Chief Diaz began his career with the Seattle Police Department in 1980. He became the Interim Chief of Police on May 7, 2009, and was sworn into office as the permanent police chief by Mayor McGinn on August 16, 2010.

Enrique Cerna:
It's been a challenging year for the Seattle police department and its chief, John Diaz. In December, the justice department released a scathing report on the use of excessive force by Seattle police and called for major reform in the department. Mayor Mike McGinn and chief Diaz have since come out with a package of reforms called SPD 20/20. But it remains to be seen if that will be enough to satisfy the justice department. As 2012 began, there was a sudden spike in violent crime and homicides in the city. And then came the may day demonstrations. A group of about 60 protesters, most dressed in black, took to the streets of downtown Seattle, intent on causing mayhem. They damaged property, assaulted police and others in their way. Mayor McGinn praised Seattle police for their handling of the rioting, but some business owners felt police could have done more to stop the vandalism. Seattle police chief John Diaz joins me now to talk more about the may day protest, the department's reform efforts, and other issues. And chief, welcome, good to have you here. Let's start with the may day protests and the efforts to track down those who were causing the violence, vandalism, assaulting officers and others. Where are you on trying to find those folks tonight?

John Diaz:
Okay. Great question, Enrique. Basically, one of the dilemmas that we're facing here and across the country, I've been predicting that you're going to see demonstration management changing across policing, across this country. Based on a number of things. The different tactics that are being used by a very small group to try to disrupt the peaceful protests. That's going to be one of the key things. There are some concerns about the use across the country, the use of pepper spray and other types of ways to try to break up some of these protests. So it puts police, police officers, cities, in a very real dilemma. How do you ensure that people can peacefully protest, that the community can peacefully go on their way, and then ensure that the people that are bent on violence as a way to actually deal with them, and you have to do it in a way that it's very difficult because nowadays the use of putting innocent protesters at shields in front of the officers has become a typical tactic. So the approach that we're taking with these may day protests is there's a lot of video out in this day and age, and most of the video isn't from the police department, but from all the various news outlets, from people with camera phones, et cetera. So we are really putting all those pieces together and we have a team that's been put together by assistant chief Jim Pugel, he's our chief of investigations, and they're aggressively tying pieces together, and we'll continue to arrest people and prosecute them to their fullest.

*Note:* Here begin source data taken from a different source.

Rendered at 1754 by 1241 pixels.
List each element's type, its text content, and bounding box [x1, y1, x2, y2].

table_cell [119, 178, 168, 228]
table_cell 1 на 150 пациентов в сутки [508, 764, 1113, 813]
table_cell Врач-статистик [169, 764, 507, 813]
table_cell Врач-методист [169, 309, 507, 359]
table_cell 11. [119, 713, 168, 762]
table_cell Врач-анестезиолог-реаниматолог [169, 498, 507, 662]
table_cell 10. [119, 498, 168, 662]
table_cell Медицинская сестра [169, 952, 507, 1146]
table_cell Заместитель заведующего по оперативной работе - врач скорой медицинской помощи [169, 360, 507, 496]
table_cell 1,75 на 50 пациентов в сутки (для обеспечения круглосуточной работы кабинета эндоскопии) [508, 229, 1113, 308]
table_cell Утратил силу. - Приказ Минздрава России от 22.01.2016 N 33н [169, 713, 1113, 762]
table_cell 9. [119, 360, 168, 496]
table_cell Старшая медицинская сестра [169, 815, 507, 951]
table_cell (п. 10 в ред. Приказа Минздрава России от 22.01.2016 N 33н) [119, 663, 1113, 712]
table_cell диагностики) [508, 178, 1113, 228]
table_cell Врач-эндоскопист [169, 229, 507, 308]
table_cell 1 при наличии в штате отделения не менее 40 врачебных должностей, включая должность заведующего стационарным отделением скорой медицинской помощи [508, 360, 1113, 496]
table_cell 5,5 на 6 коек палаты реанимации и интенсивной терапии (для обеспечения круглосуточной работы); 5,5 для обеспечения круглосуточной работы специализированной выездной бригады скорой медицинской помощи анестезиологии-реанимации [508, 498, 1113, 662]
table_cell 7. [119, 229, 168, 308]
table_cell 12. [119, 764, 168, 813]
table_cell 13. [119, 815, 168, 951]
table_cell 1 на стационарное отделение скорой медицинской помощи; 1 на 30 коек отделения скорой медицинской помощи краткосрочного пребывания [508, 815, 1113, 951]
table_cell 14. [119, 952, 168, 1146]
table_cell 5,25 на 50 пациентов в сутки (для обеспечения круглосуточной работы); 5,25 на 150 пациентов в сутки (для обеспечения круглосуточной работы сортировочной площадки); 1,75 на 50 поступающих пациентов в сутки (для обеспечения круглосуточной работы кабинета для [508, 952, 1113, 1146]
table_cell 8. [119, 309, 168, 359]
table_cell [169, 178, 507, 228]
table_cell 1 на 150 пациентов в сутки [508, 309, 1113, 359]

Have you gotten good cooperation from the local news outlets, as someone who used to work in local television, news directors are always a little bit leery about giving up their video, but have they been more cooperative in this type of thing because of the type of situation?

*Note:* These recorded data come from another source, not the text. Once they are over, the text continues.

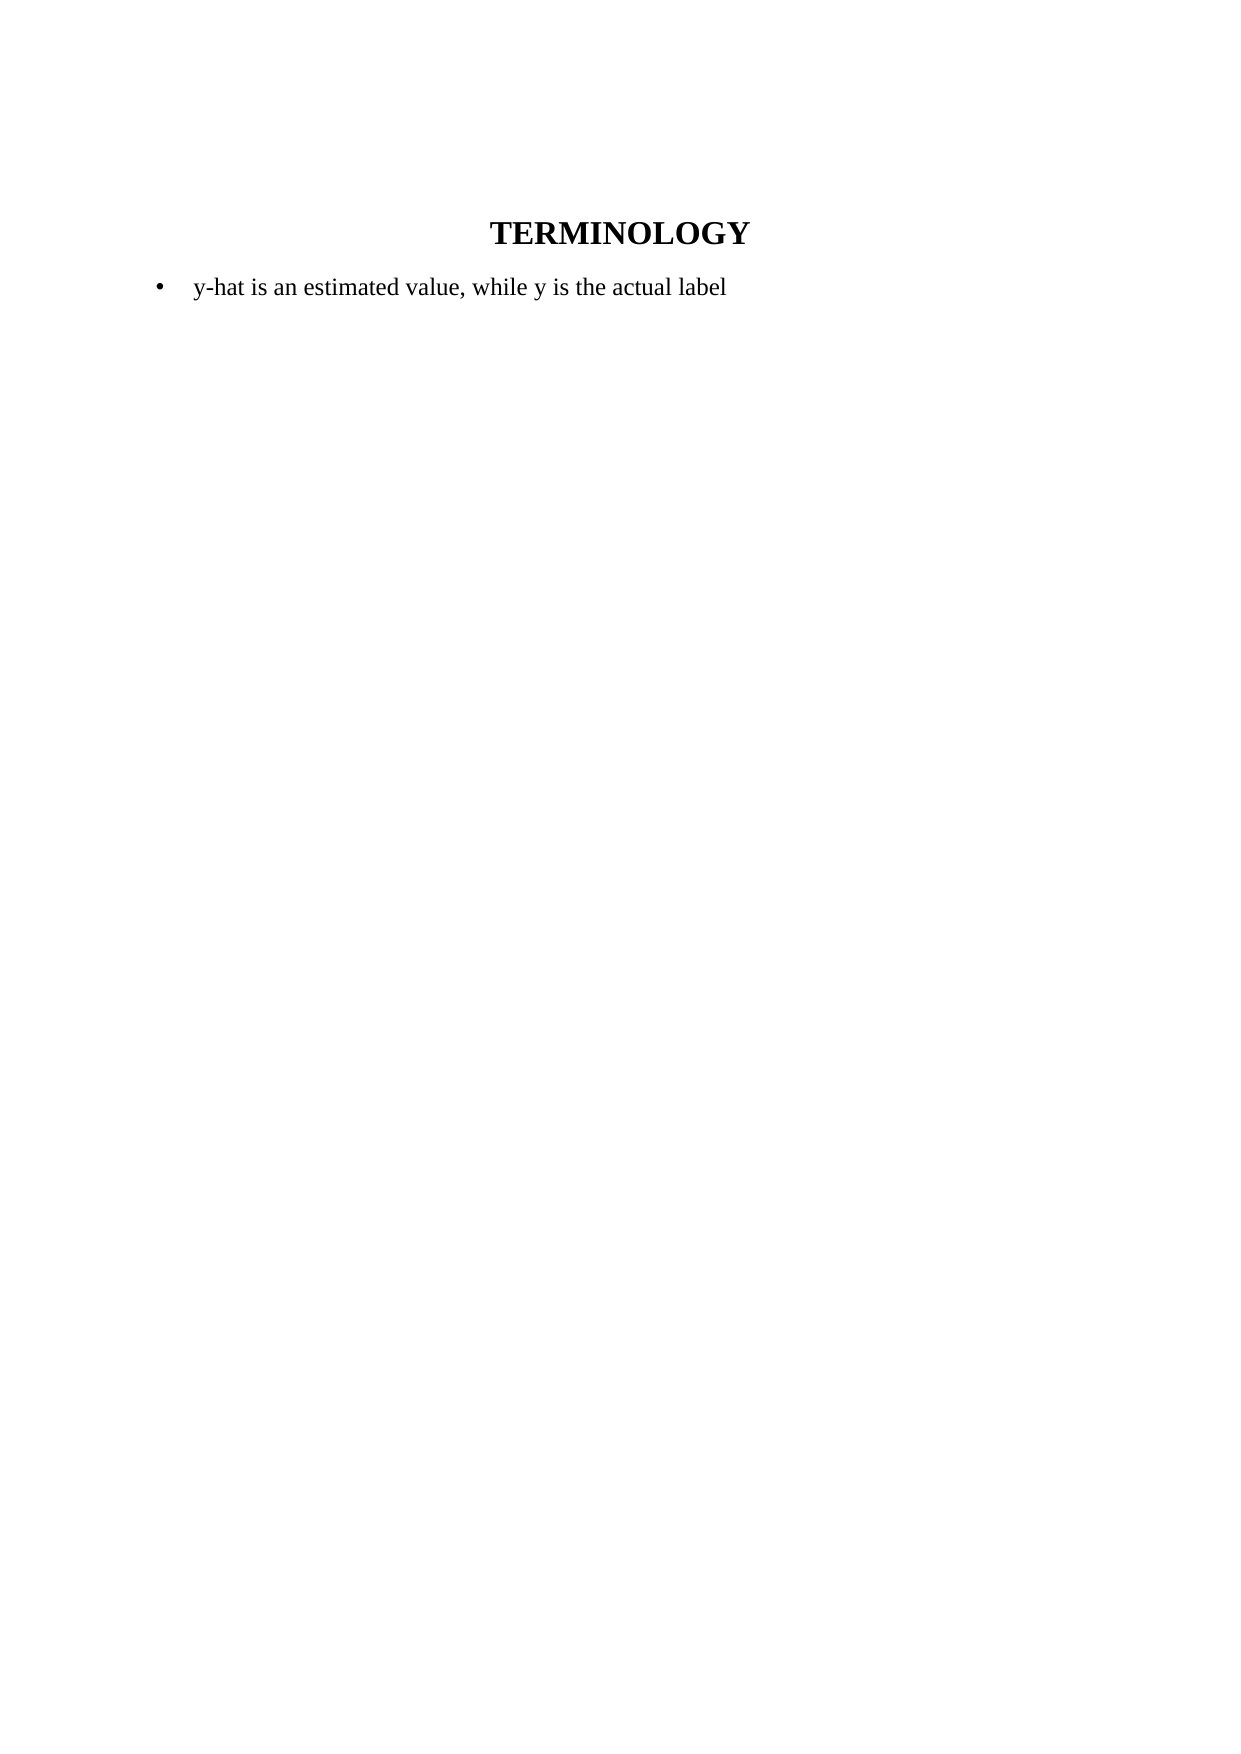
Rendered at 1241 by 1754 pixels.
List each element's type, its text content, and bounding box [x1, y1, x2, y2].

text TERMINOLOGY [118, 213, 1122, 252]
list y-hat is an estimated value, while y is the actual label [156, 272, 1122, 301]
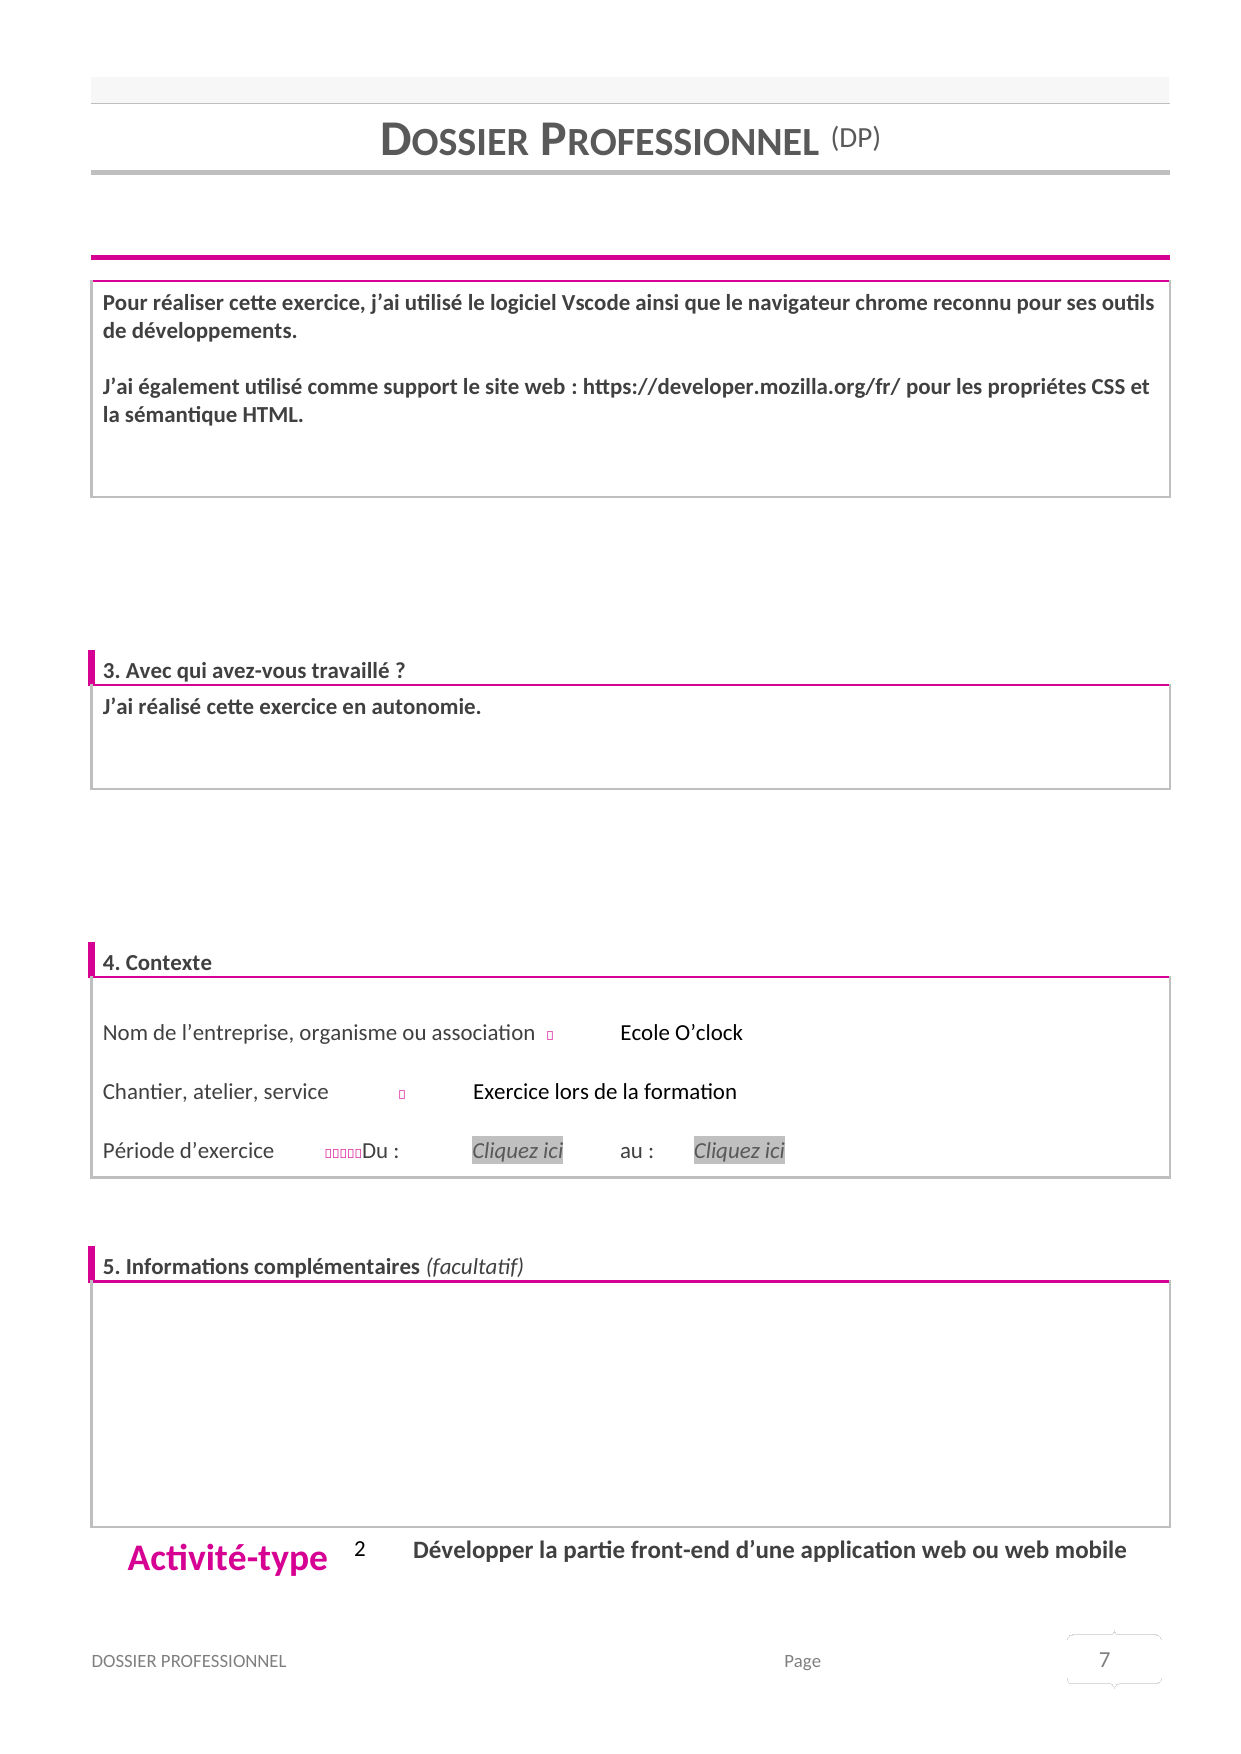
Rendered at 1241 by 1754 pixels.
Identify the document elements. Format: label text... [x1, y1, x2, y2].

table_cell [93, 754, 1169, 788]
table_cell Ecole O’clock [595, 1012, 1169, 1058]
table_cell [93, 978, 595, 1012]
table_cell Période d’exercice Du : Cliquez ici au : Cliquez ici [93, 1118, 1169, 1176]
table_cell [91, 616, 1169, 650]
table_header 2 [343, 1528, 402, 1580]
table_cell [91, 498, 1169, 616]
table_cell [91, 908, 1169, 942]
table_cell [93, 720, 1169, 754]
table_cell [1110, 1246, 1169, 1280]
table_cell [93, 1363, 1169, 1526]
table_cell 3. Avec qui avez-vous travaillé ? [95, 650, 1169, 684]
table_cell [1110, 1179, 1169, 1212]
table_cell [595, 978, 1169, 1012]
table_header Développer la partie front-end d’une application web ou web mobile [402, 1528, 1169, 1580]
table_cell [93, 428, 1169, 462]
table_cell J’ai réalisé cette exercice en autonomie. [93, 686, 1169, 720]
table_cell [93, 462, 1169, 496]
table_cell Pour réaliser cette exercice, j’ai utilisé le logiciel Vscode ainsi que le navigateur chrome reconnu pour ses outils de développements. J’ai également utilisé comme support le site web : https://developer.mozilla.org/fr/ pour les propriétes CSS et la sémantique HTML. [93, 282, 1169, 428]
table_cell [1110, 790, 1169, 908]
table_cell 5. Informations complémentaires (facultatif) [95, 1246, 1110, 1280]
table_header Activité-type [91, 1528, 343, 1580]
table_cell [91, 1213, 1110, 1246]
table_cell [1110, 1213, 1169, 1246]
table_cell [91, 790, 1110, 908]
table_cell Exercice lors de la formation [462, 1059, 1169, 1117]
table_cell Nom de l’entreprise, organisme ou association  [93, 1012, 595, 1058]
table_cell [93, 1283, 1169, 1329]
table_cell [93, 1329, 1169, 1363]
table_cell [91, 1179, 1110, 1212]
table_cell Chantier, atelier, service  [93, 1059, 462, 1117]
table_cell 4. Contexte [95, 942, 1169, 976]

Well, once again, to not put any of the news medias in any type of a difficult situation, we're going to ensure that we end up using the legal process of asking for warrants and such, so that we can go in and gather that information. But the news media has been extremely cooperative.

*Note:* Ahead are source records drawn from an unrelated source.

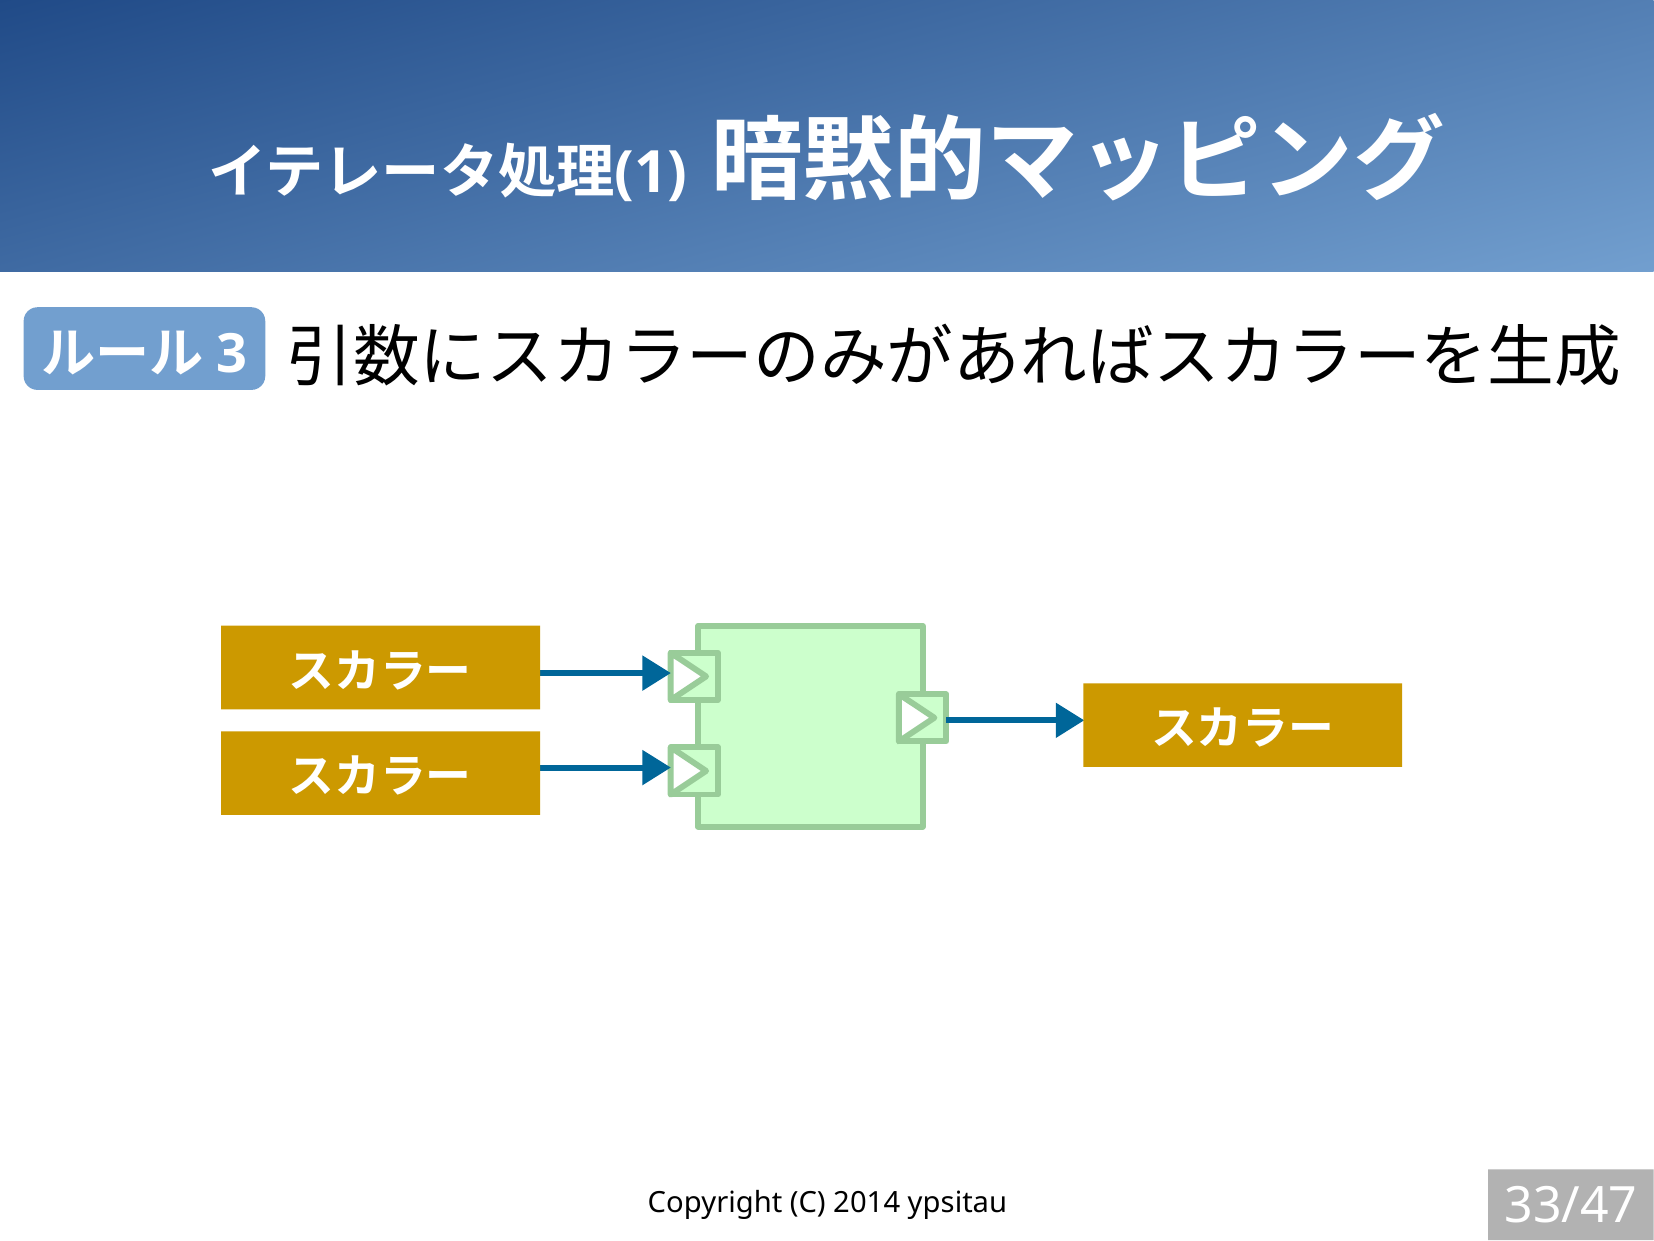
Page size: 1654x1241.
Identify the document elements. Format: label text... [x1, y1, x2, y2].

text_box スカラー [1083, 683, 1403, 767]
text_box 引数にスカラーのみがあればスカラーを生成 [271, 295, 1637, 411]
title イテレータ処理(1) 暗黙的マッピング [82, 49, 1571, 257]
text_box [670, 625, 947, 827]
text_box ルール 3 [23, 307, 266, 390]
text_box スカラー [221, 731, 541, 815]
text_box スカラー [221, 625, 541, 710]

Let's talk about the business community. There was a letter written by the downtown business association to the city, also expressing some concerns, feeling that the police didn't react in a preventive manner ahead of time in trying to get these folks that were going to cause violence. Have you talked to them? Have you reached out there? I mean if I was a business owner, I'd be pretty upset.

I understand that. And in fact, just yesterday, I gave a speech at the rotary, and I did touch on that very issue about the protests. So once again, let's get back to that issue of dilemma. Our primary concern, or my primary concern will always be the safety of our citizens, and of our police officers. And then ensuring that we could bring the wrong doers to justice. But the primary concern is life safety. That has to be our primary concern. There are some that felt that we could go in earlier. Now, we tried that at other protests and it's met with some success and some failure. When we've done that in the past. Innocent protesters have been hurt, have been knocked down as we're going in and trying to arrest those protesters. But what happened in this particular case, we had violent protesters that were ready to protect the people that were causing the property damage. So it was going to be a melee. The most important thing that occurred, and this is something I once again have to thank the mayor for, is once he signed that proclamation that allowed us to go in and remove basically the weapons from people who were planning on doing harm, all the rest of those larger protests that happened throughout the rest of the day happened without incident. There's many that said, well, if you knew that ahead of time, why couldn't you do that ahead of time? Well, the law doesn't allow us to do that, at least at this point.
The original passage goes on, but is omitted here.